When asked to write an article on whether there is still place for Alcoholics Anonymous (AA) in the treatment of substance use disorders, I became a bit anxious. As a therapist who is also a recovering person, however, I feel qualified to address this subject. I do know that some professionals in the mental health field and sometimes those in the general community have a bias against AA.
The organization and its principles have been viewed as an unsophisticated, simplistic intervention where religion (disguised as the 12 Steps) is forced on the unsuspecting client. From my perspective, the 12 Steps of AA are the true foundation of recovery and are absolutely critical in maintaining long-term abstinence. Therefore, treatment facilities that do not incorporate them into their treatment programs are remiss.
The steps to recovery
There are 12 steps to recovery. They start with the admission of powerlessness over alcohol and other drugs – acknowledging that life has become unmanageable. They end with the realization of having had a spiritual awakening and the recommendation to help others who are still suffering. In other words, a self-focused, out-of-control individual who is geared toward short-term, immediate gratification does a complete, 180-degree flip-flop in worldview and becomes concerned with others rather than self. A miracle?
Those recovering in AA would say “Yes.” My sobriety, my serenity are indeed miracles. The person struggling with addiction is filled with a deep sense of guilt and shame resulting from the huge gap between his or her values and behavior that invariably develops from living a life based solely on self-will. He or she attempts to hide these feelings from self and others with a highly developed denial system. Efforts to break this denial system are usually met with an array of defense mechanisms, including rationalization, self-righteousness, and minimization. Only when the internal pain of guilt and shame becomes greater than the pain caused by external consequences (“hitting bottom”) will the addict abandon his or her alibi system and seek help.
Therapy, in its initial stages, must assist the person in reaching the conclusion that any life managed by self-will is doomed to failure, and that there is an alternative that provides hope for the future.
Every person who has honestly inventoried his or her life can only come to one conclusion. “We could wish to be moral. We could wish to be philosophically comforted. In fact, we could will these things with all our might, but the needed power wasn’t there. Our human resources, as marshaled by the will, were not sufficient. They failed utterly.” (Alcoholics Anonymous, 1976, p. 45)
Therefore, a power greater than ourselves must exist if there is to be hope for the future.
The Second Step of Alcoholics Anonymous suggests we come to believe this very fact. We do so through observation. We listen to the strengths, hopes, and weaknesses of others who have gone before us. Because of their compassion, acceptance, and desire to help us, we start to realize we are not so unique, and they are not so powerless anymore. In fact, we see they are not drinking or using and they are peaceful. Suddenly we find a glimmer of hope that we, too, may be able to find peace. We also get our first awakenings about how wonderful it can feel to make a connection with another human spirit where there are no strings attached. This connection to fellowship, in many cases, is the first positive contact with a Higher Power and the beginnings of hope.

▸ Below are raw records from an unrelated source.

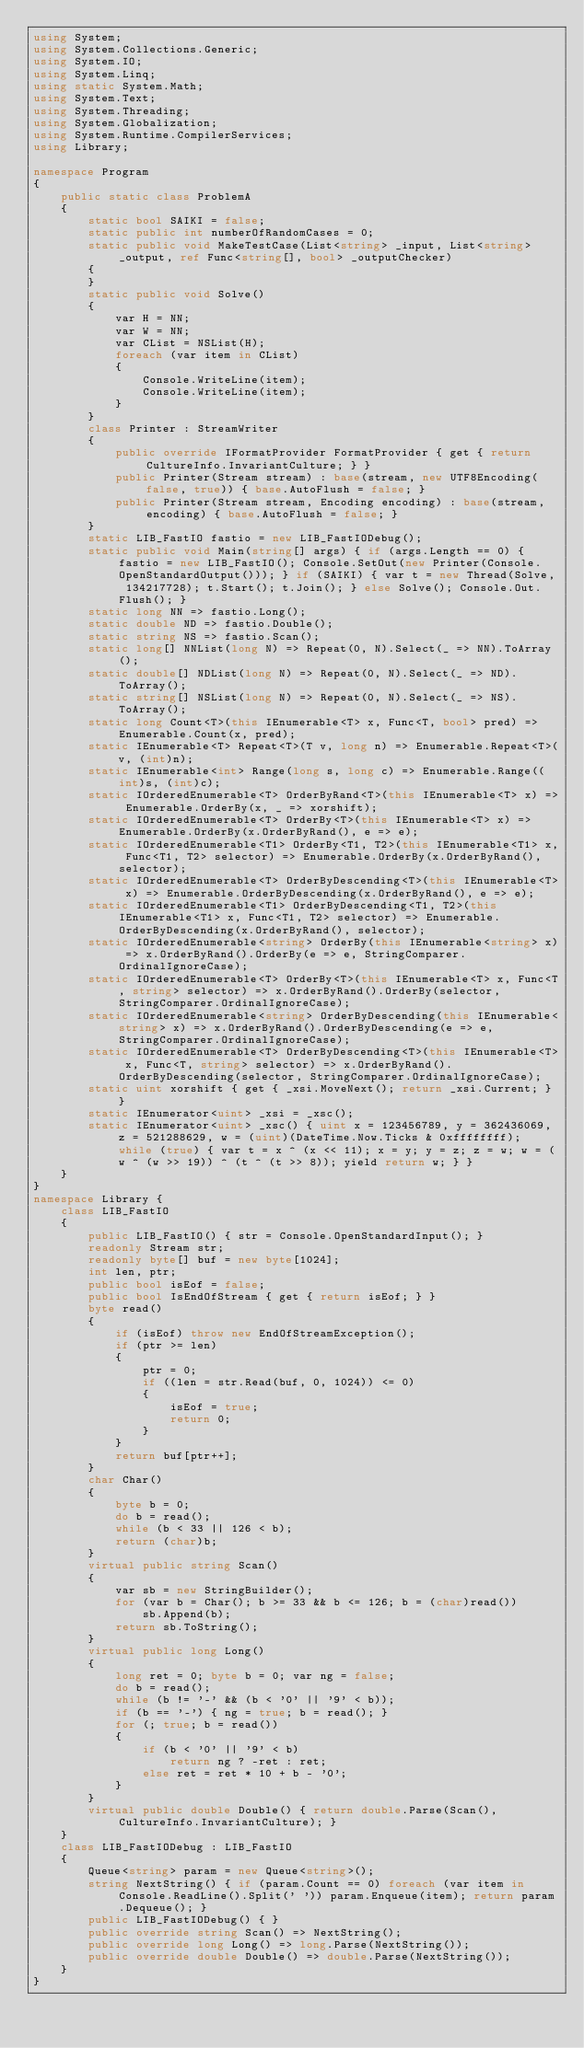Convert code to text. <code><loc_0><loc_0><loc_500><loc_500><_C#_>using System;
using System.Collections.Generic;
using System.IO;
using System.Linq;
using static System.Math;
using System.Text;
using System.Threading;
using System.Globalization;
using System.Runtime.CompilerServices;
using Library;

namespace Program
{
    public static class ProblemA
    {
        static bool SAIKI = false;
        static public int numberOfRandomCases = 0;
        static public void MakeTestCase(List<string> _input, List<string> _output, ref Func<string[], bool> _outputChecker)
        {
        }
        static public void Solve()
        {
            var H = NN;
            var W = NN;
            var CList = NSList(H);
            foreach (var item in CList)
            {
                Console.WriteLine(item);
                Console.WriteLine(item);
            }
        }
        class Printer : StreamWriter
        {
            public override IFormatProvider FormatProvider { get { return CultureInfo.InvariantCulture; } }
            public Printer(Stream stream) : base(stream, new UTF8Encoding(false, true)) { base.AutoFlush = false; }
            public Printer(Stream stream, Encoding encoding) : base(stream, encoding) { base.AutoFlush = false; }
        }
        static LIB_FastIO fastio = new LIB_FastIODebug();
        static public void Main(string[] args) { if (args.Length == 0) { fastio = new LIB_FastIO(); Console.SetOut(new Printer(Console.OpenStandardOutput())); } if (SAIKI) { var t = new Thread(Solve, 134217728); t.Start(); t.Join(); } else Solve(); Console.Out.Flush(); }
        static long NN => fastio.Long();
        static double ND => fastio.Double();
        static string NS => fastio.Scan();
        static long[] NNList(long N) => Repeat(0, N).Select(_ => NN).ToArray();
        static double[] NDList(long N) => Repeat(0, N).Select(_ => ND).ToArray();
        static string[] NSList(long N) => Repeat(0, N).Select(_ => NS).ToArray();
        static long Count<T>(this IEnumerable<T> x, Func<T, bool> pred) => Enumerable.Count(x, pred);
        static IEnumerable<T> Repeat<T>(T v, long n) => Enumerable.Repeat<T>(v, (int)n);
        static IEnumerable<int> Range(long s, long c) => Enumerable.Range((int)s, (int)c);
        static IOrderedEnumerable<T> OrderByRand<T>(this IEnumerable<T> x) => Enumerable.OrderBy(x, _ => xorshift);
        static IOrderedEnumerable<T> OrderBy<T>(this IEnumerable<T> x) => Enumerable.OrderBy(x.OrderByRand(), e => e);
        static IOrderedEnumerable<T1> OrderBy<T1, T2>(this IEnumerable<T1> x, Func<T1, T2> selector) => Enumerable.OrderBy(x.OrderByRand(), selector);
        static IOrderedEnumerable<T> OrderByDescending<T>(this IEnumerable<T> x) => Enumerable.OrderByDescending(x.OrderByRand(), e => e);
        static IOrderedEnumerable<T1> OrderByDescending<T1, T2>(this IEnumerable<T1> x, Func<T1, T2> selector) => Enumerable.OrderByDescending(x.OrderByRand(), selector);
        static IOrderedEnumerable<string> OrderBy(this IEnumerable<string> x) => x.OrderByRand().OrderBy(e => e, StringComparer.OrdinalIgnoreCase);
        static IOrderedEnumerable<T> OrderBy<T>(this IEnumerable<T> x, Func<T, string> selector) => x.OrderByRand().OrderBy(selector, StringComparer.OrdinalIgnoreCase);
        static IOrderedEnumerable<string> OrderByDescending(this IEnumerable<string> x) => x.OrderByRand().OrderByDescending(e => e, StringComparer.OrdinalIgnoreCase);
        static IOrderedEnumerable<T> OrderByDescending<T>(this IEnumerable<T> x, Func<T, string> selector) => x.OrderByRand().OrderByDescending(selector, StringComparer.OrdinalIgnoreCase);
        static uint xorshift { get { _xsi.MoveNext(); return _xsi.Current; } }
        static IEnumerator<uint> _xsi = _xsc();
        static IEnumerator<uint> _xsc() { uint x = 123456789, y = 362436069, z = 521288629, w = (uint)(DateTime.Now.Ticks & 0xffffffff); while (true) { var t = x ^ (x << 11); x = y; y = z; z = w; w = (w ^ (w >> 19)) ^ (t ^ (t >> 8)); yield return w; } }
    }
}
namespace Library {
    class LIB_FastIO
    {
        public LIB_FastIO() { str = Console.OpenStandardInput(); }
        readonly Stream str;
        readonly byte[] buf = new byte[1024];
        int len, ptr;
        public bool isEof = false;
        public bool IsEndOfStream { get { return isEof; } }
        byte read()
        {
            if (isEof) throw new EndOfStreamException();
            if (ptr >= len)
            {
                ptr = 0;
                if ((len = str.Read(buf, 0, 1024)) <= 0)
                {
                    isEof = true;
                    return 0;
                }
            }
            return buf[ptr++];
        }
        char Char()
        {
            byte b = 0;
            do b = read();
            while (b < 33 || 126 < b);
            return (char)b;
        }
        virtual public string Scan()
        {
            var sb = new StringBuilder();
            for (var b = Char(); b >= 33 && b <= 126; b = (char)read())
                sb.Append(b);
            return sb.ToString();
        }
        virtual public long Long()
        {
            long ret = 0; byte b = 0; var ng = false;
            do b = read();
            while (b != '-' && (b < '0' || '9' < b));
            if (b == '-') { ng = true; b = read(); }
            for (; true; b = read())
            {
                if (b < '0' || '9' < b)
                    return ng ? -ret : ret;
                else ret = ret * 10 + b - '0';
            }
        }
        virtual public double Double() { return double.Parse(Scan(), CultureInfo.InvariantCulture); }
    }
    class LIB_FastIODebug : LIB_FastIO
    {
        Queue<string> param = new Queue<string>();
        string NextString() { if (param.Count == 0) foreach (var item in Console.ReadLine().Split(' ')) param.Enqueue(item); return param.Dequeue(); }
        public LIB_FastIODebug() { }
        public override string Scan() => NextString();
        public override long Long() => long.Parse(NextString());
        public override double Double() => double.Parse(NextString());
    }
}
</code>

In Step Three, it is suggested we make a decision to turn our will and life over to the care of this Higher Power. When we do so, we find our sanity returns. Many of us – in fact, all of us who diligently work this program – find that after making this step, it is next to impossible to drink. This truly is a miracle of healing. I, who could not say ‘no’ to a drink, now cannot say ‘yes.’ Entrusting your sobriety to the covenantal relationship with God and others is like putting your money in the bank. It is only in jeopardy if taken out of the bank. Our sobriety and peace of mind are secure and protected when in the care of our Higher Power and those in the program. They are only in jeopardy if we take them out of that care.
Who is right?
The testimony of countless persons support what a 1999 study by the Stanford University School of Medicine suggested: 12 Step programs work. People who use them are more likely to remain sober regardless of their religion. Yet the use of the program in formal treatment settings is being challenged. It has been reported that a 59-year-old agnostic ordered to attend AA after a drunk driving conviction, instead took 30 days in jail. He then filed suit against the judge and a treatment center, claiming they violated his First Amendment rights. His complaint was that they were suggesting he could not depend on himself and were asking him to put faith over science. He was unwilling to do that.
Treatment programs employ many other interventions besides AA. Rational Emotive Behavioral Therapy (REBT), Reality Therapy, Dialectical Behavioral Therapy (DBT), Systems Theory, and Cognitive Behavioral approaches are also a large part of both residential and outpatient treatment. However, if I tell the truth, when I walk out of my office at the end of the day, I think of those who participated in treatment with me that day, and I’m praying for the miracle that they may find in the 12 Step Program.